On Wed, Feb 19, 2014 at 12:25 PM, John Cowan <> wrote:

> Tim Bray scripsit:
> > > The point is to focus the discussion on the data going over the wire
> > > rather than the syntax.
> >
> > Here is where we disagree absolutely. The point is to specify the syntax
> > clearly and unambiguously, and the semantics of its payload.  Trying to
> > come at it from the other direction (specifying data structures and then
> > extracting syntax) leads to huge mistakes like CORBA and WS-*.

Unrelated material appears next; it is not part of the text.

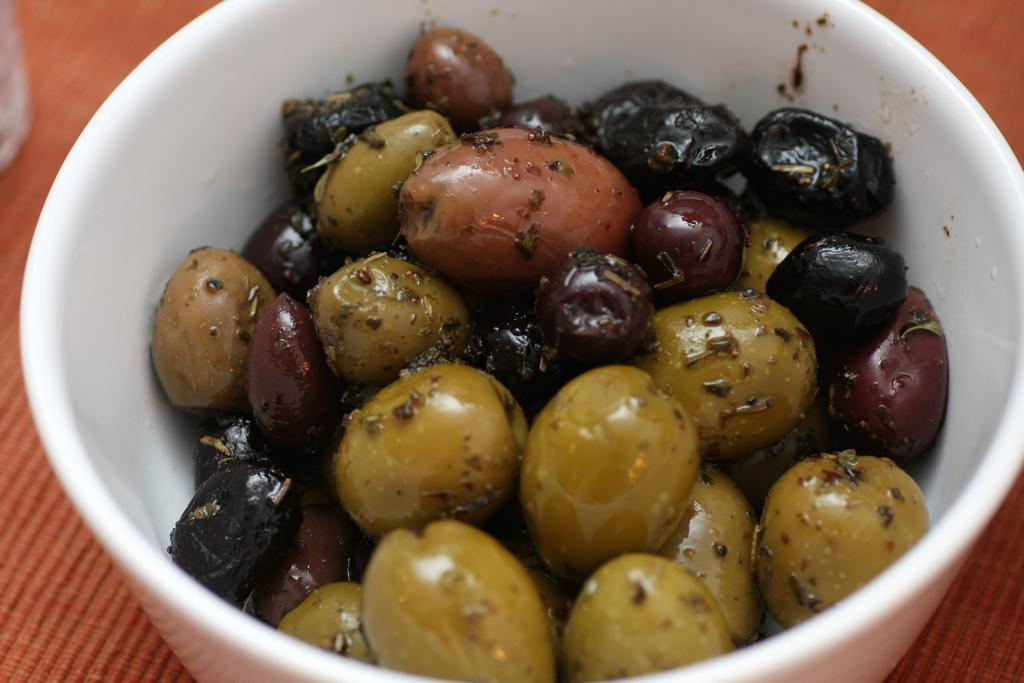What is in the image that can hold food or liquid? There is a bowl in the image. What color is the bowl? The bowl is white in color. What colors can be seen in the food inside the bowl? The food in the bowl has black, maroon, and green colors. What is the color of the surface the bowl is placed on? The food is on a brown surface. Can you tell me how many mint leaves are in the bowl? There is no mention of mint leaves in the image, so it is not possible to determine their number.

They are only mistakes because they are huge. Microsoft and IBM wanted to
build a consulting business which meant that they liked a specification
that was overly complex.

The whole ProtoGen system is less than about 5,000 lines of code and it has
equivalent functionality to the WS-* stack.

XML isn't the farce that SGML was and JSON is even simpler than XML without
loss of power (though it does not make a very good document markup).

C# and Java are not the screwups that C++ was either. And C is not ADA.

The fact that the B-crew has botched a job in the past does not mean the
approach is wrong. The collapse of ADA did not prove that high level
languages were a bad idea. Though there were folk on USENet making that
argument at the time. My college tutor was known for having walked out of
the ADA design meetings but he still worked on many other programming
languages afterwards.

> I agree absolutely with Tim, if it wasn't clear before.  Semantics is vague
> and fuzzy (my semantics of your JSON may consist solely in counting the
> number of fields in the top-level object, for example).  Syntax is not.
> Agreement on syntax promotes interoperation; agreement on semantics
> takes forever, pushing syntax to the rear, thus tending to create bad
> syntax.

JSON has no semantics, All the JSON syntax has is a mapping to an implicit
data model.

Semantics can be defined very precisely and most modern computer science
courses teach methods of doing that Z, VDM and the rest are all very
precise ways of specifying the behavior of a protocol with as high a degree
of precision as LR(0) parsers allow for syntax.

What I have found is that making use of syntax to encode semantics is
always a mistake. For example we might have a specification that says that
a Date field can either be an RFC3337 DateTime or an integer giving the
offset in seconds from the current time. That is certainly possible but we
now require the parser to be able to recognize the format of the data and
select the representation appropriately. Maybe 95% of people will do that
right but at least 5% will do it wrong and if one of those implementations
becomes popular we end up with a specification that now has three different
cases to code, the two in the spec and the real life situation that isn't

Using different tags for "DateTime" (=String) and "DeltaTime" (=Integer)
avoids that whole business.

When people reach for Regular Expressions they are almost always doing
something that is better done without.